01 What is the focus of the M.Tech in AI and ML at IIIT Dharwad?

The M.Tech in AI and ML program at IIIT Dharwad equips learners with advanced knowledge in Artificial Intelligence, Machine Learning, Deep Learning, and data-driven solutions. Students gain hands-on experience in building intelligent systems capable of learning, adapting, and evolving across industries, preparing them for research, product development, and leadership roles in technology.

02 How is the CSE AI and ML program delivered?

The program is offered online with live interactive sessions, self-paced learning modules, and a 7-day on-campus immersion at IIIT Dharwad. This blended approach ensures flexible learning while providing opportunities for hands-on projects, peer collaboration, and direct interaction with faculty and industry experts.

03 Will I receive a degree upon completion?

Yes. Graduates will earn a prestigious M.Tech in Computer Science & Engineering (Specialization in AI & ML) from IIIT Dharwad, an Institute of National Importance, recognized nationally for academic and research excellence.

04 What career opportunities can I pursue after completing this program?
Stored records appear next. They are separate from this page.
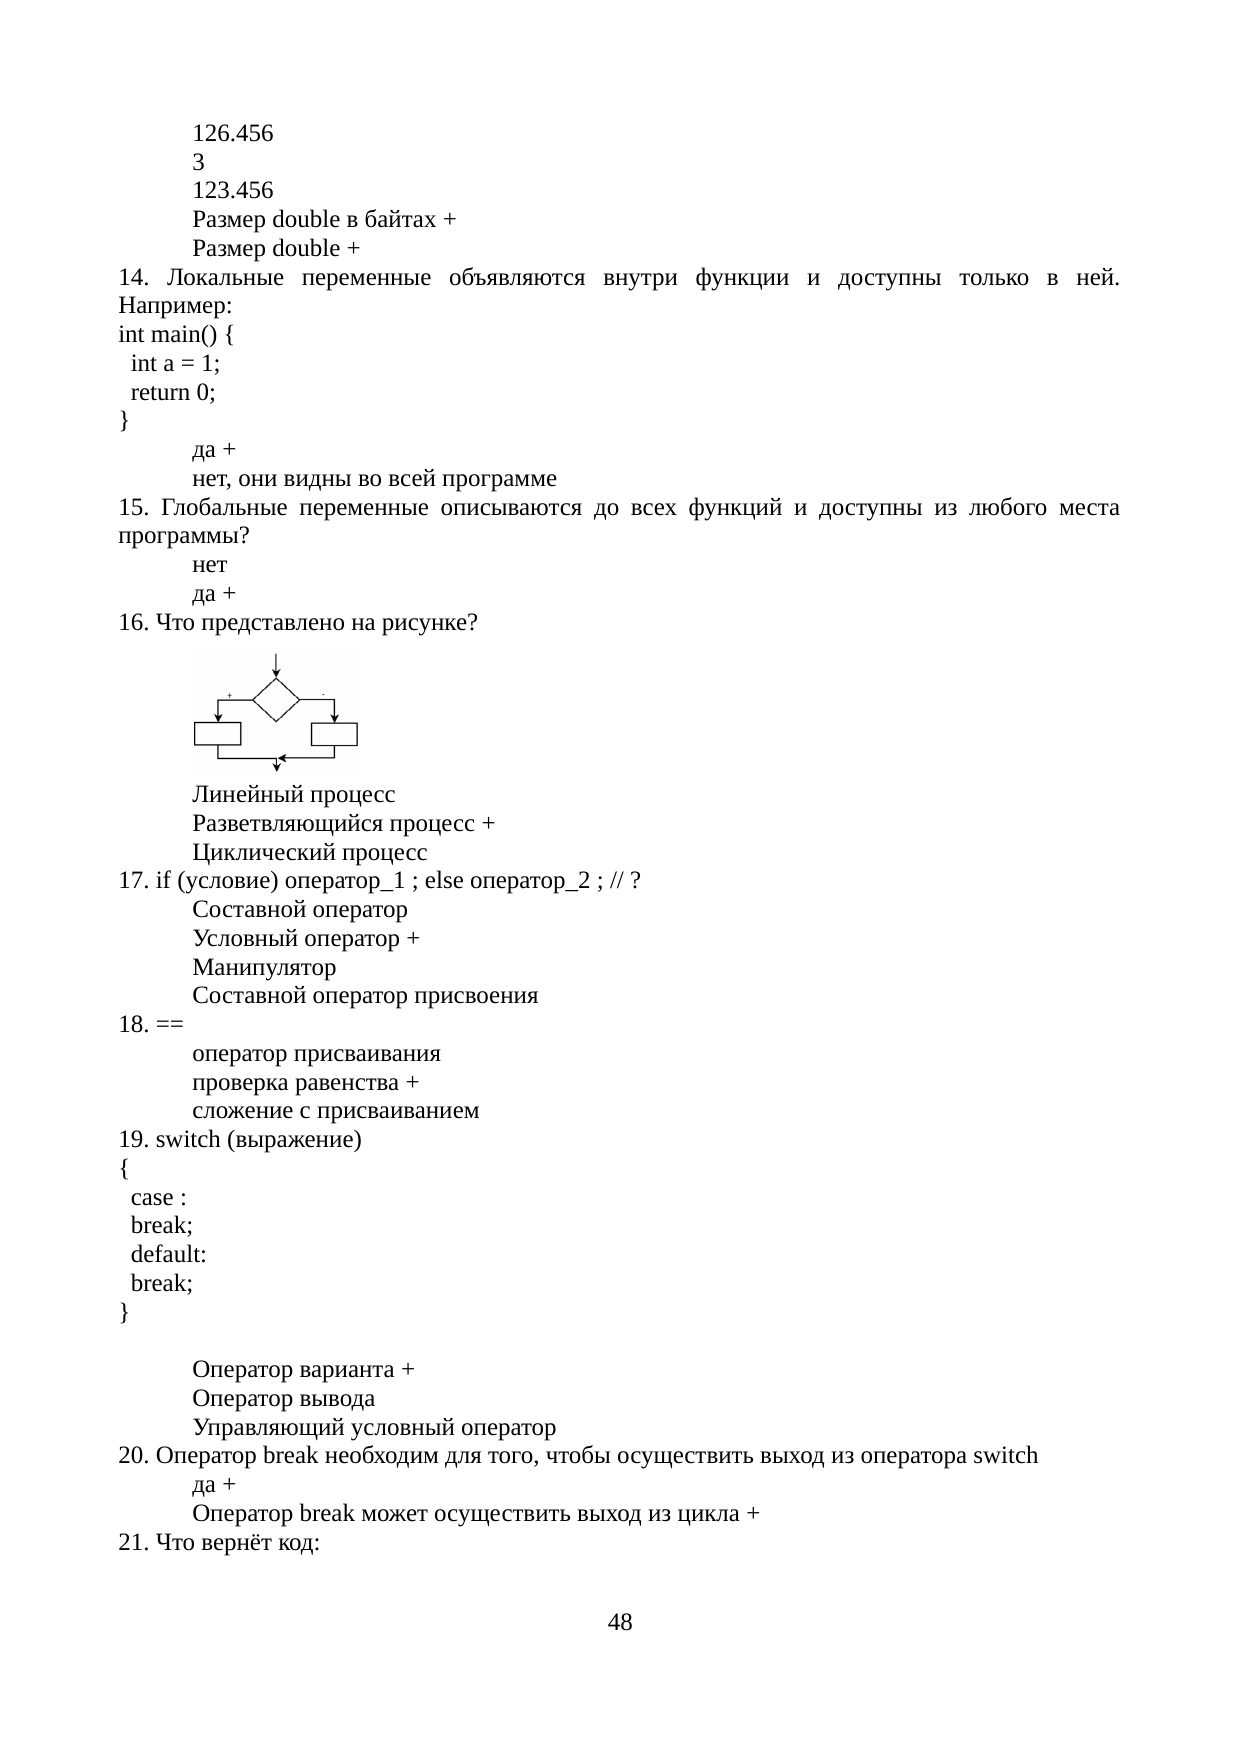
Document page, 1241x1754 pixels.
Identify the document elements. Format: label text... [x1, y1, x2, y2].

text 16. Что представлено на рисунке? [118, 607, 1122, 636]
text default: [118, 1239, 1122, 1268]
text 126.456 [118, 118, 1122, 147]
text Линейный процесс [118, 779, 1122, 808]
text Оператор вывода [118, 1383, 1122, 1412]
text Составной оператор присвоения [118, 981, 1122, 1009]
text 3 [118, 147, 1122, 176]
text Размер double в байтах + [118, 204, 1122, 233]
text 15. Глобальные переменные описываются до всех функций и доступны из любого места программы? [118, 492, 1122, 549]
text да + [118, 578, 1122, 607]
text } [118, 406, 1122, 434]
text Управляющий условный оператор [118, 1412, 1122, 1441]
text Манипулятор [118, 952, 1122, 981]
text Разветвляющийся процесс + [118, 808, 1122, 837]
text int a = 1; [118, 348, 1122, 377]
picture [192, 650, 360, 775]
text break; [118, 1268, 1122, 1297]
text оператор присваивания [118, 1038, 1122, 1067]
text Оператор break может осуществить выход из цикла + [118, 1498, 1122, 1527]
text Циклический процесс [118, 837, 1122, 866]
text Размер double + [118, 233, 1122, 262]
text 20. Оператор break необходим для того, чтобы осуществить выход из оператора switch [118, 1441, 1122, 1469]
text 123.456 [118, 176, 1122, 204]
text нет [118, 549, 1122, 578]
text break; [118, 1211, 1122, 1239]
text да + [118, 1469, 1122, 1498]
text проверка равенства + [118, 1067, 1122, 1096]
text } [118, 1297, 1122, 1326]
text 14. Локальные переменные объявляются внутри функции и доступны только в ней. Например: [118, 262, 1122, 319]
text да + [118, 434, 1122, 463]
text return 0; [118, 377, 1122, 406]
text Условный оператор + [118, 923, 1122, 952]
text int main() { [118, 319, 1122, 348]
text 17. if (условие) оператор_1 ; else оператор_2 ; // ? [118, 866, 1122, 894]
text 21. Что вернёт код: [118, 1527, 1122, 1556]
text Оператор варианта + [118, 1354, 1122, 1383]
text сложение с присваиванием [118, 1096, 1122, 1124]
text нет, они видны во всей программе [118, 463, 1122, 492]
text { [118, 1153, 1122, 1182]
text 18. == [118, 1009, 1122, 1038]
text Составной оператор [118, 894, 1122, 923]
text case : [118, 1182, 1122, 1211]
text 19. switch (выражение) [118, 1124, 1122, 1153]

Graduates of mtech in ai and ml can take on roles such as AI Engineer, ML Researcher, Data Scientist, Computer Vision Specialist, or pursue Ph.D. and R&D roles. The program also prepares professionals for leadership positions in AI-driven product development, automation, and analytics across industries.
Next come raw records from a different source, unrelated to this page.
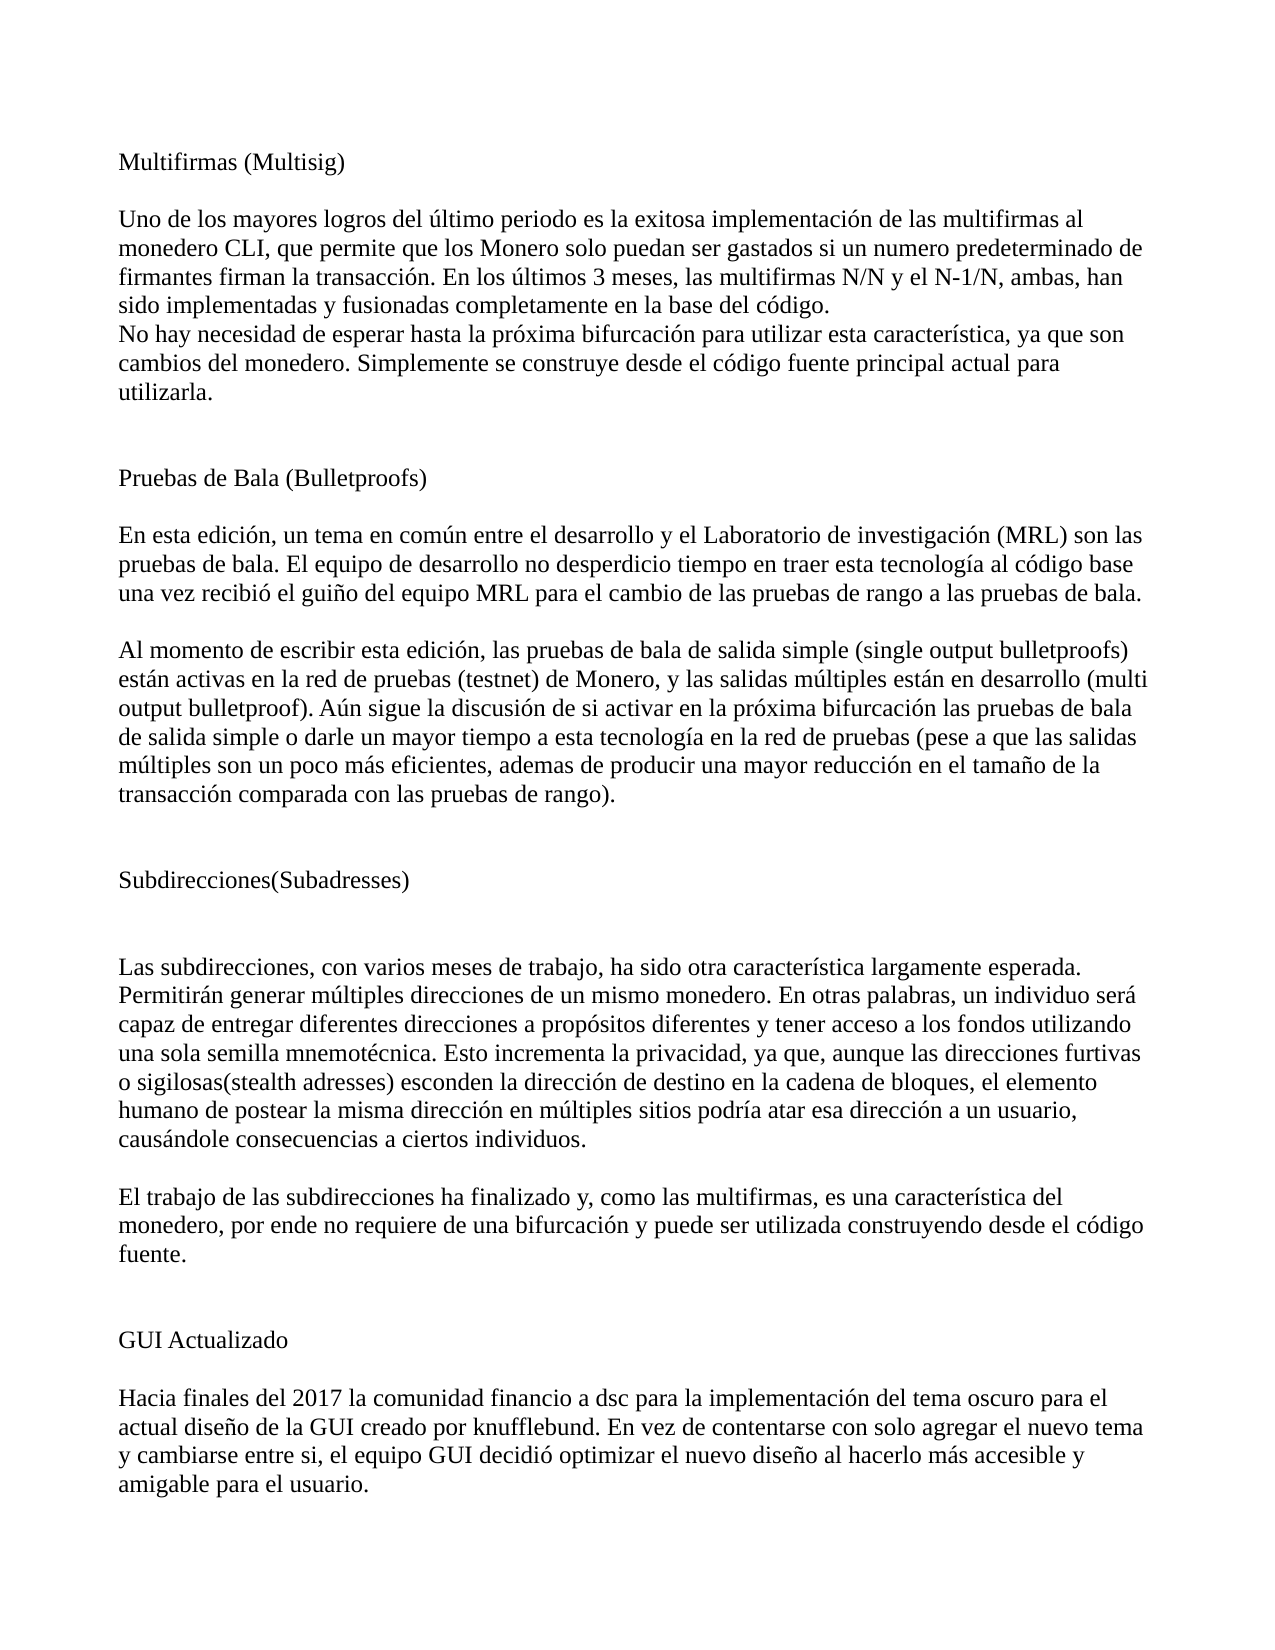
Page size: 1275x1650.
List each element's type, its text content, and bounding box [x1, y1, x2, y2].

text Al momento de escribir esta edición, las pruebas de bala de salida simple (single output bulletproofs) están activas en la red de pruebas (testnet) de Monero, y las salidas múltiples están en desarrollo (multi output bulletproof). Aún sigue la discusión de si activar en la próxima bifurcación las pruebas de bala de salida simple o darle un mayor tiempo a esta tecnología en la red de pruebas (pese a que las salidas múltiples son un poco más eficientes, ademas de producir una mayor reducción en el tamaño de la transacción comparada con las pruebas de rango). [118, 636, 1157, 808]
text El trabajo de las subdirecciones ha finalizado y, como las multifirmas, es una característica del monedero, por ende no requiere de una bifurcación y puede ser utilizada construyendo desde el código fuente. [118, 1182, 1157, 1268]
text Hacia finales del 2017 la comunidad financio a dsc para la implementación del tema oscuro para el actual diseño de la GUI creado por knufflebund. En vez de contentarse con solo agregar el nuevo tema y cambiarse entre si, el equipo GUI decidió optimizar el nuevo diseño al hacerlo más accesible y amigable para el usuario. [118, 1383, 1157, 1498]
text Multifirmas (Multisig) [118, 147, 1157, 176]
text GUI Actualizado [118, 1326, 1157, 1354]
text Uno de los mayores logros del último periodo es la exitosa implementación de las multifirmas al monedero CLI, que permite que los Monero solo puedan ser gastados si un numero predeterminado de firmantes firman la transacción. En los últimos 3 meses, las multifirmas N/N y el N-1/N, ambas, han sido implementadas y fusionadas completamente en la base del código. [118, 204, 1157, 319]
text En esta edición, un tema en común entre el desarrollo y el Laboratorio de investigación (MRL) son las pruebas de bala. El equipo de desarrollo no desperdicio tiempo en traer esta tecnología al código base una vez recibió el guiño del equipo MRL para el cambio de las pruebas de rango a las pruebas de bala. [118, 521, 1157, 607]
text No hay necesidad de esperar hasta la próxima bifurcación para utilizar esta característica, ya que son cambios del monedero. Simplemente se construye desde el código fuente principal actual para utilizarla. [118, 319, 1157, 406]
text Las subdirecciones, con varios meses de trabajo, ha sido otra característica largamente esperada. Permitirán generar múltiples direcciones de un mismo monedero. En otras palabras, un individuo será capaz de entregar diferentes direcciones a propósitos diferentes y tener acceso a los fondos utilizando una sola semilla mnemotécnica. Esto incrementa la privacidad, ya que, aunque las direcciones furtivas o sigilosas(stealth adresses) esconden la dirección de destino en la cadena de bloques, el elemento humano de postear la misma dirección en múltiples sitios podría atar esa dirección a un usuario, causándole consecuencias a ciertos individuos. [118, 952, 1157, 1153]
text Subdirecciones(Subadresses) [118, 866, 1157, 894]
text Pruebas de Bala (Bulletproofs) [118, 463, 1157, 492]

05 Do I need to have a valid GATE score for this program?

No, a valid GATE score is not required for admission to this M.Tech in AI and ML for working professionals program. Applicants with a GATE score may submit it during the admission process, but it is not mandatory.

06 What is the refund and deferral policy for the Program?

Refund Policy:

  • A refund is applicable before the commencement of the batch, subject to a deduction of Rs. 10,000, provided that the course materials have not been accessed or downloaded.
  • No refund will be granted on or after the batch commencement date under any circumstances.

Deferral Policy:

  • If a learner wants to defer the batch or restart the classes in a new batch, such requests can be made by dropping an email to admissions.cse@iiitdwd.ac.in
  • Only 1 batch deferment is allowed without any additional cost. Learners can request for batch deferral to any of the cohorts starting in the next 3-6 months from the start date of the initial batch in which the student was initially enrolled.
  • Batch deferral requests are accepted only once, but the learner should not have completed more than 20% of the program. If the learner wants to defer the batch a 2nd time, then a batch deferral fee is applicable, equaling 10% of the total course fees is to be paid for the program.